Three prisoners charged with murder of child killer Kyle Bevan


Three prisoners have been charged with the murder of a convicted child killer in a high-security West Yorkshire prison.

Kyle Bevan, 33, was found dead in his cell in HMP Wakefield on Wednesday morning. He was two and a half years into a minimum sentence of 28 years for murdering his partner’s two-year-old daughter, Lola James, in the family home in Haverfordwest, Pembrokeshire, in 2020.

Wakefield is a category A prison, one of 10 in the UK with the highest security in place.

West Yorkshire police said they were called to the prison at 8.25am on Wednesday after receiving reports that a man had been found dead in his cell.

Mark Fellows, 45, Lee Newell, 56, and David Taylor, 63, have been charged with Bevan’s murder. They all identify as white British men and were inmates at HMP Wakefield, the force said.

The three men were remanded into custody and are due to appear at Leeds magistrates court on Friday.

Last month a convicted paedophile, the former Lostprophets singer Ian Watkins, was stabbed to death at the same prison.

Watkins, from Pontypridd, was jailed for 29 years in December 2013, with a further six years on licence, after admitting to a string of sexual offences, including the attempted rape of a fan’s baby.

Inmates Rashid Gedel, 25, and Samuel Dodsworth, 43, have been charged with murdering Watkins and are due to face trial next May.
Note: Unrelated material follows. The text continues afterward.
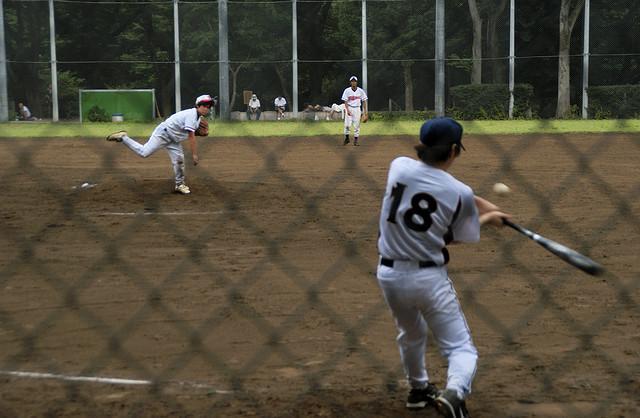Who will next cause the balls direction to change?
Select the accurate response from the four choices given to answer the question.
Options: 18, pitcher, coach, shortstop. 18. 
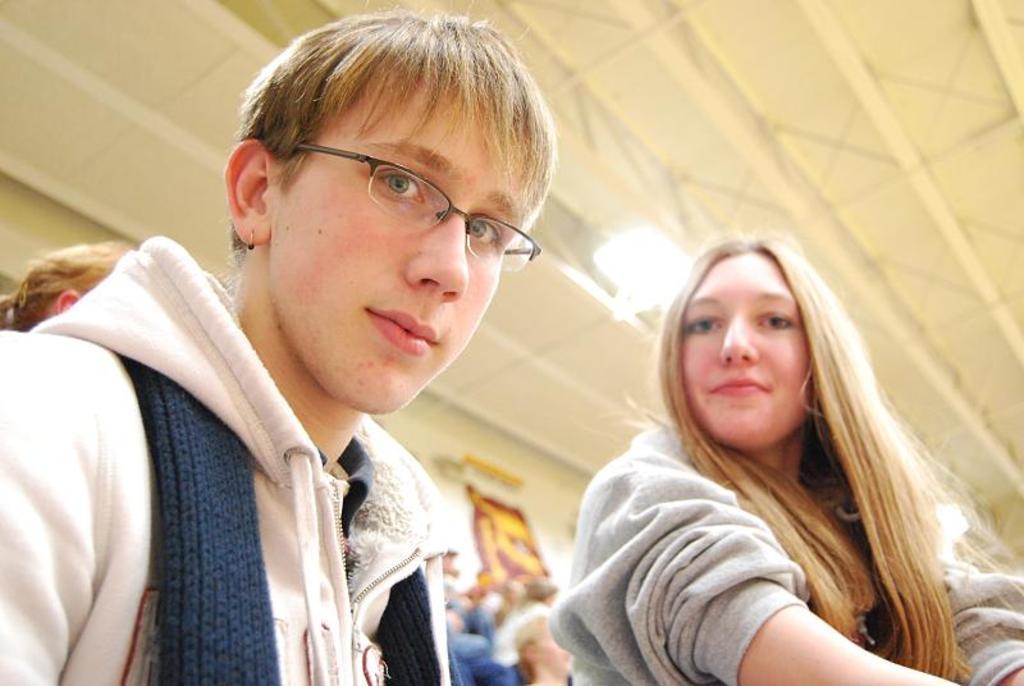Describe this image in one or two sentences. In this image there are people. In the background there is a poster and we can see a light.

At Bevan’s sentencing in April 2023, the court heard that he had inflicted the sort of injuries usually seen in car crash victims or people who had fallen from a significant height. He beat his stepdaughter into a coma, a judge said.

Lola, described in court as a “happy, beautiful and busy little girl”, was found to have 101 external injuries, “catastrophic” head trauma and extensive damage to both her eyes.

The judge at Swansea crown court, Mr Justice Griffiths, said: “He [Bevan] started to hurt Lola at midnight and he carried on until she was unconscious at 6.30am. This was a sustained, deliberate and very violent attack.”

A recent inspectorate of prisons report into HMP Wakefield, published in September, found that “levels of violence had increased, and many prisoners did not feel safe”.

It added: “There were too few places in work and education activities, and the regime was not managed effectively; around half the population was locked up during the working day. The prison’s infrastructure had declined and required investment; security, living conditions and the functioning of workshops were all affected.”